Copy each line below in which the word "screenshot" occurs.

Exercise data:
********

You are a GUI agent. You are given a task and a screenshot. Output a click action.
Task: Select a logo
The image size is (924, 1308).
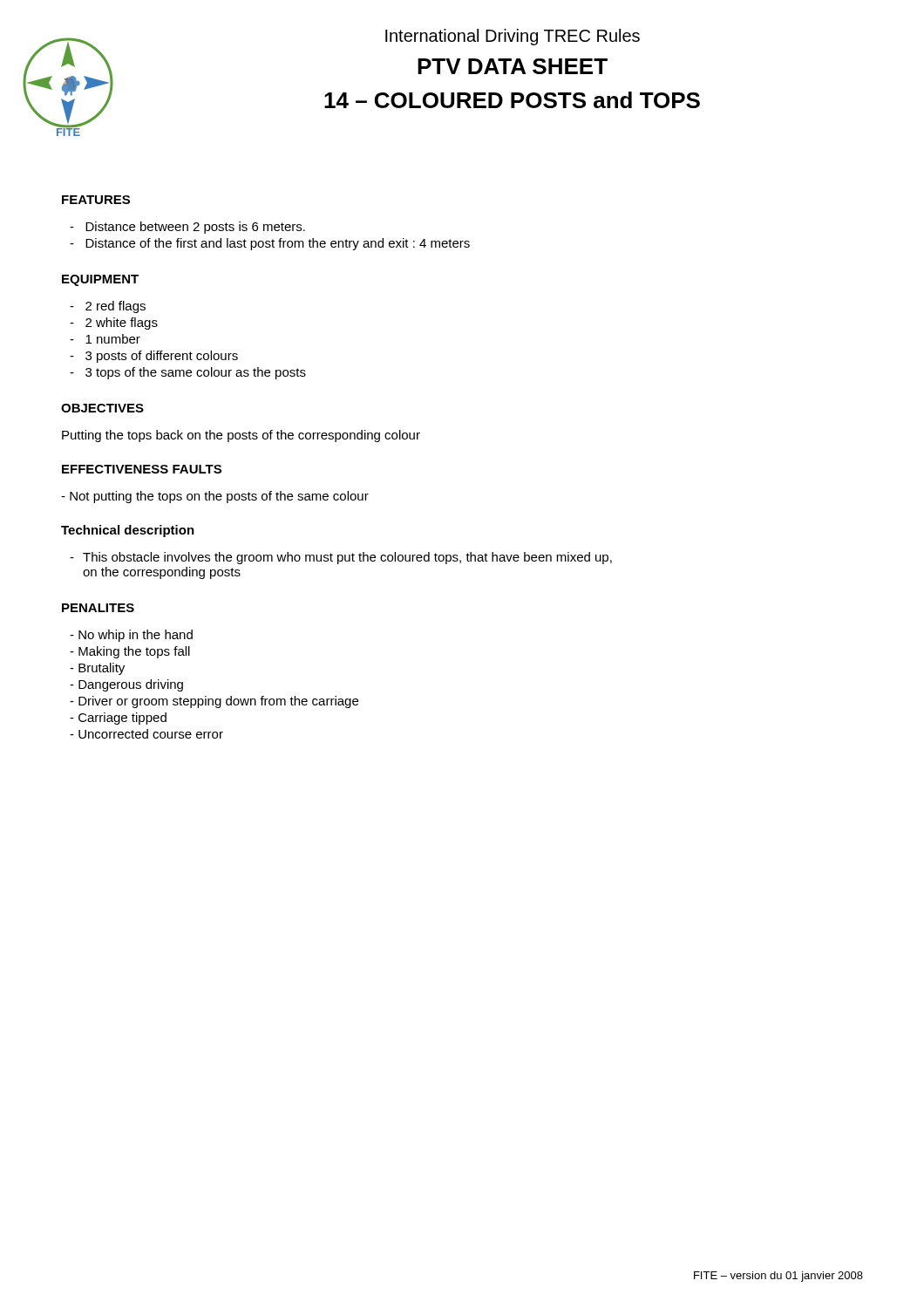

********

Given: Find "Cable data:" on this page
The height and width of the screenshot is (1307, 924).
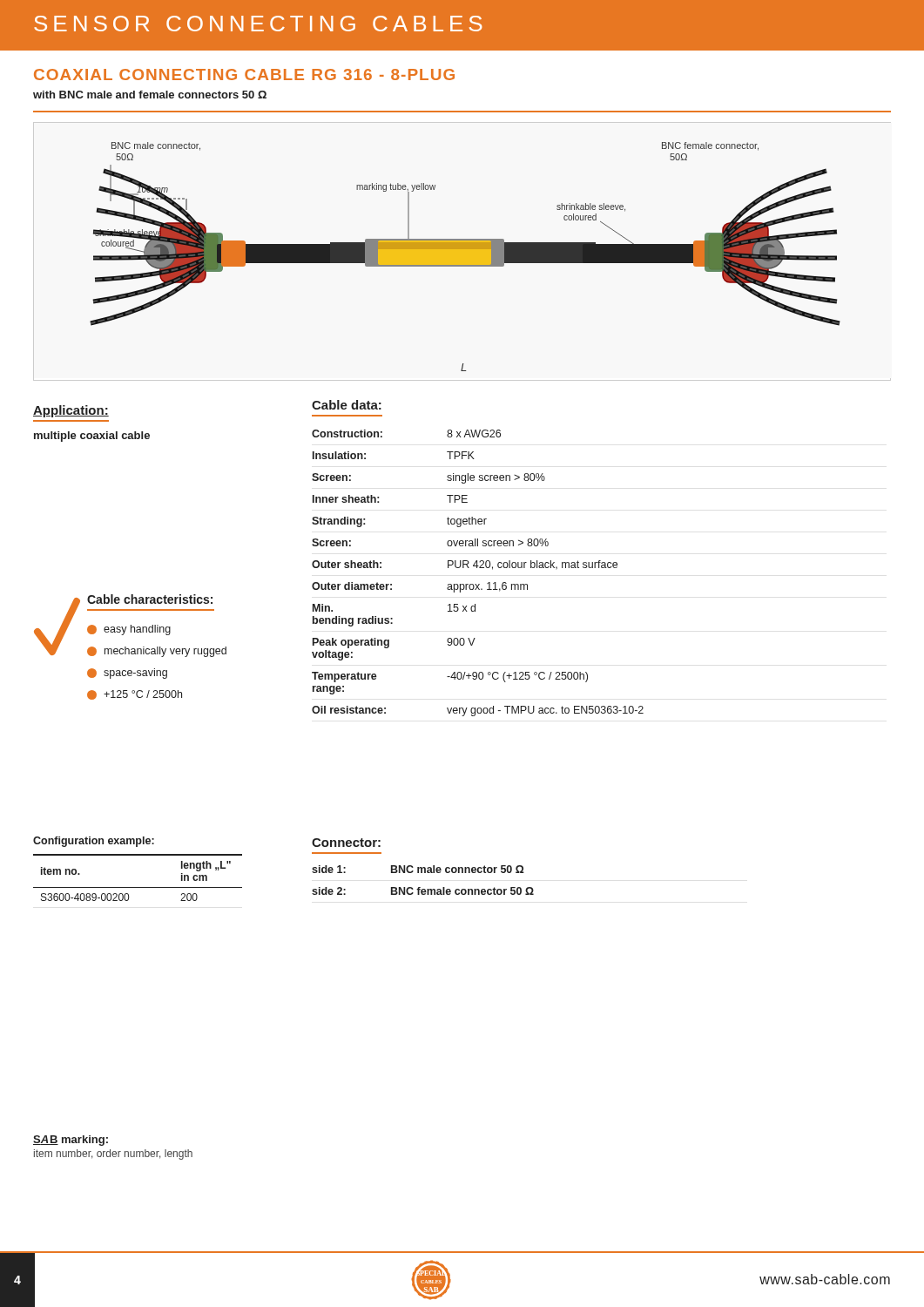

********

Written response:
You are a GUI agent. You are given a task and a screenshot. Output a click action.
The height and width of the screenshot is (1307, 924).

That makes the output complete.